***** AVAILABLE DATA

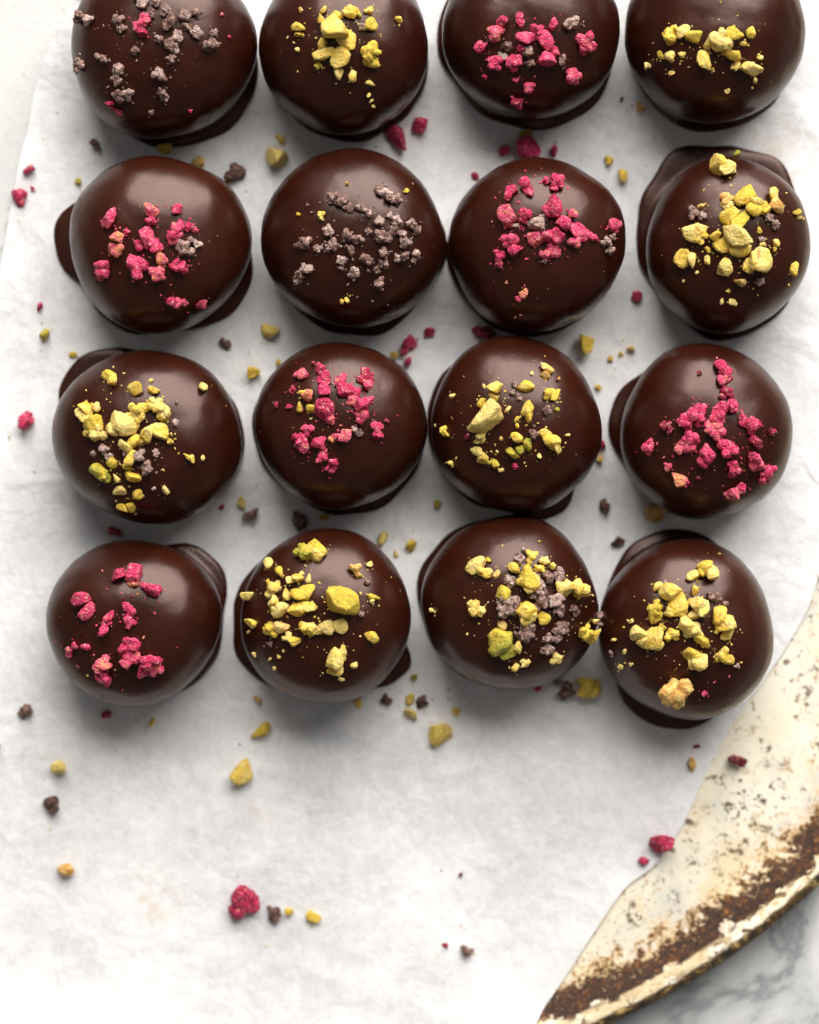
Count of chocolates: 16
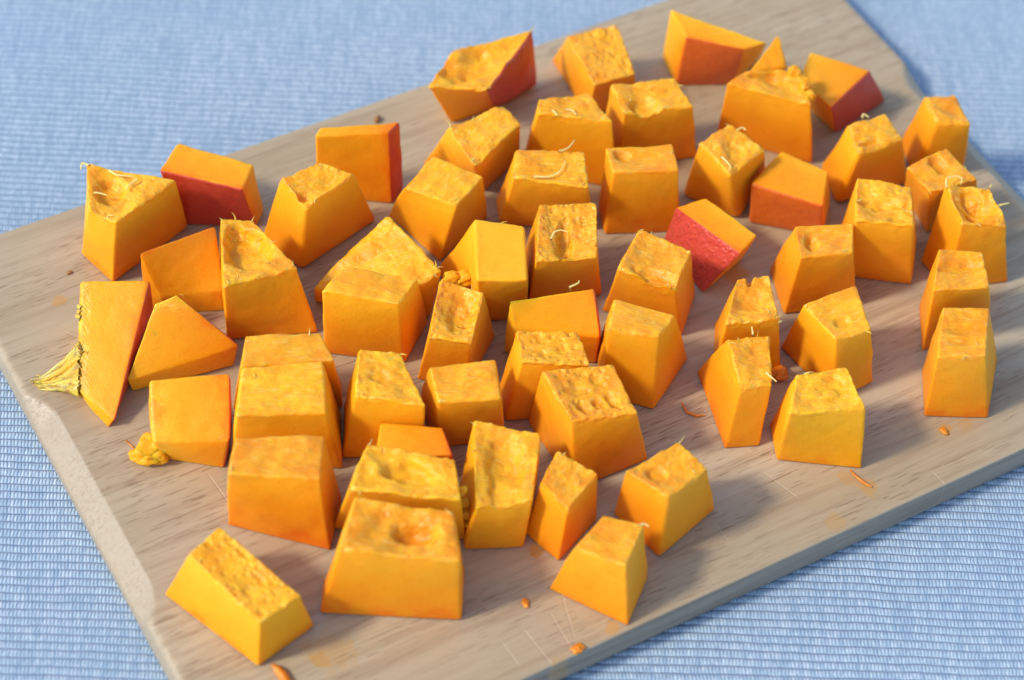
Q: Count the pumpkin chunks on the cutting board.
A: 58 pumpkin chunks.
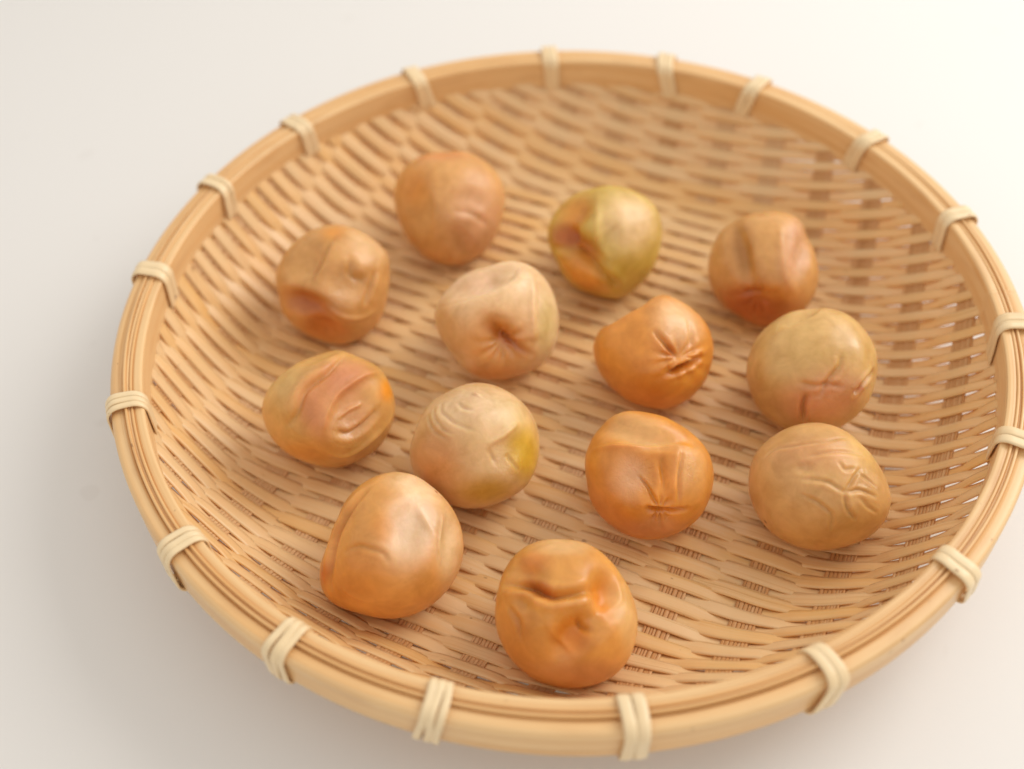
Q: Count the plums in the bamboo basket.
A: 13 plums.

**********
***** AVAILABLE DATA

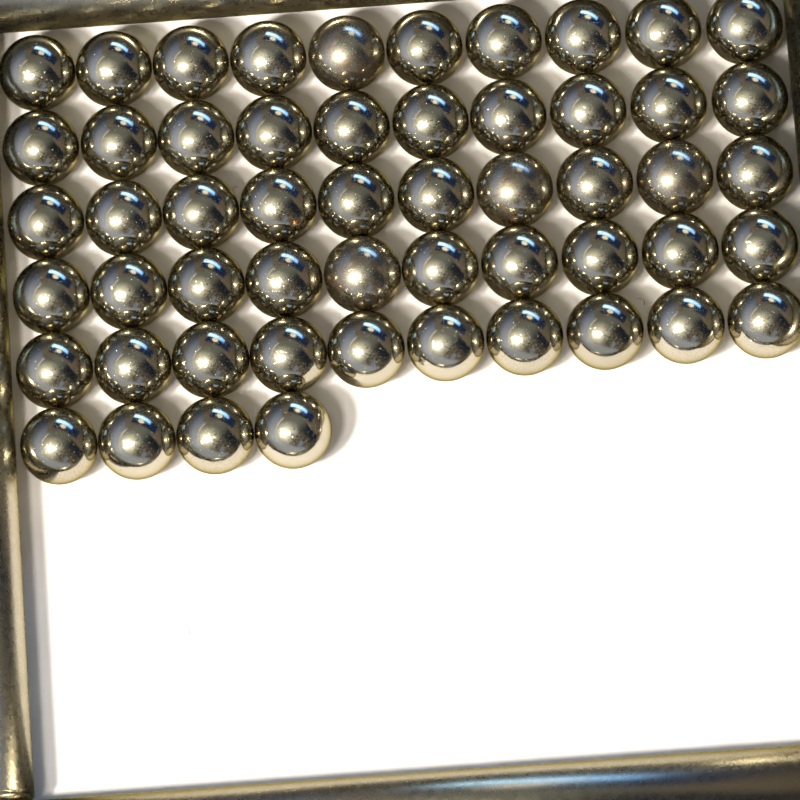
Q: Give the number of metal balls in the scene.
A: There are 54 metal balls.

**********
***** AVAILABLE DATA

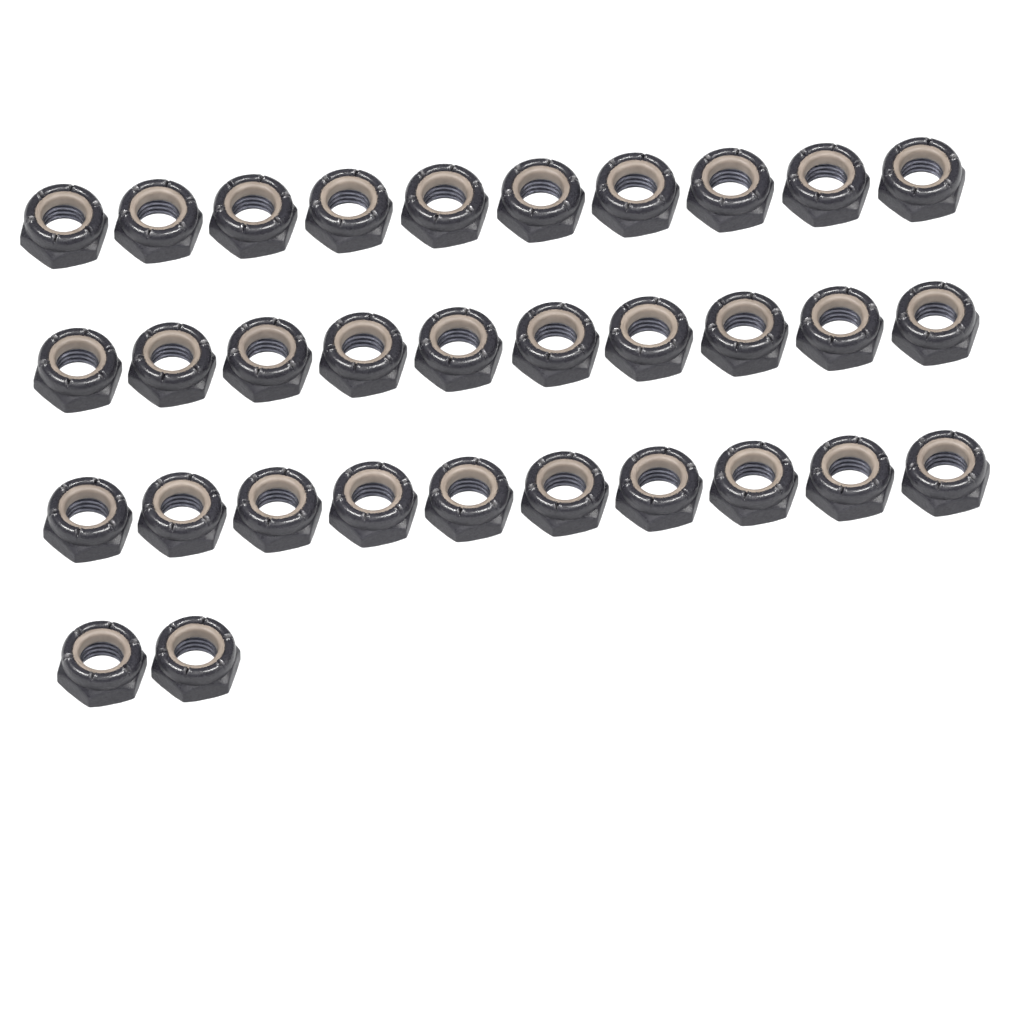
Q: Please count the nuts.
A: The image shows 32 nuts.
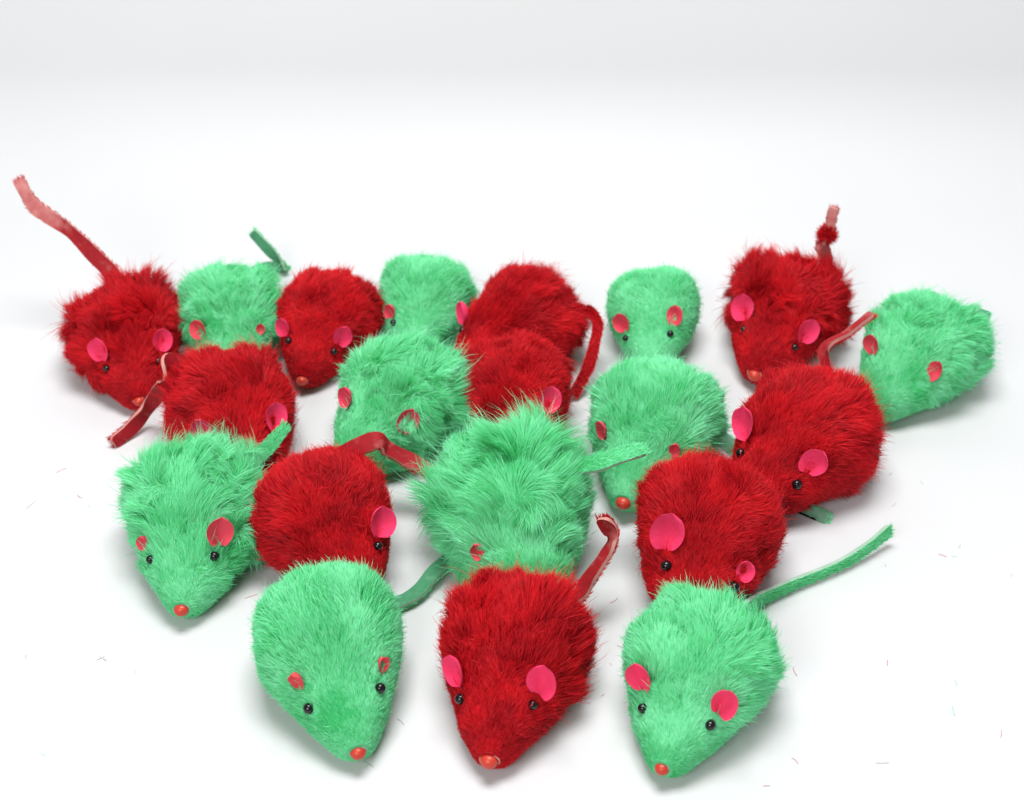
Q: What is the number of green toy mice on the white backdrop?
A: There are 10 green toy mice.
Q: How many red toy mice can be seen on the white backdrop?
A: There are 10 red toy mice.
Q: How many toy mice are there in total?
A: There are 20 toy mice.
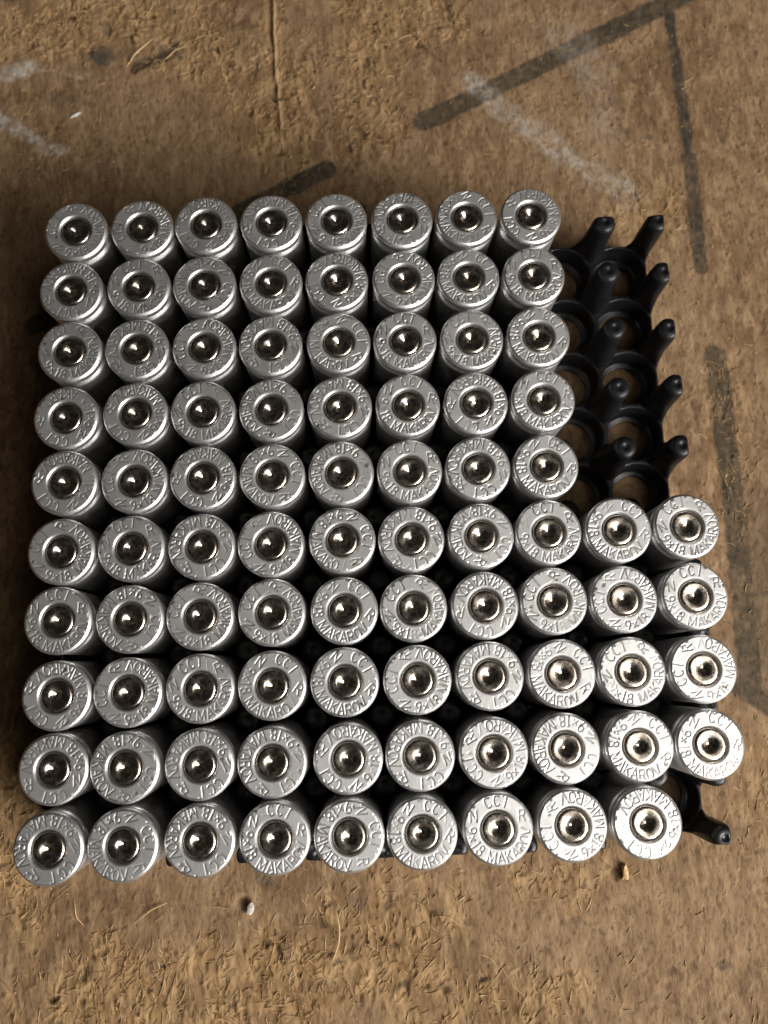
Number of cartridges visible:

**********

**EXERCISE DIRECTIONS**
Give again, exactly as written above, every line from the one holding "A: There are 10 red toy mice." to the one holding "Number of cartridges", with both ends kept and the pictures left out.

**FINISHED EXERCISE**
A: There are 10 red toy mice.
Q: How many toy mice are there in total?
A: There are 20 toy mice.
Number of cartridges visible:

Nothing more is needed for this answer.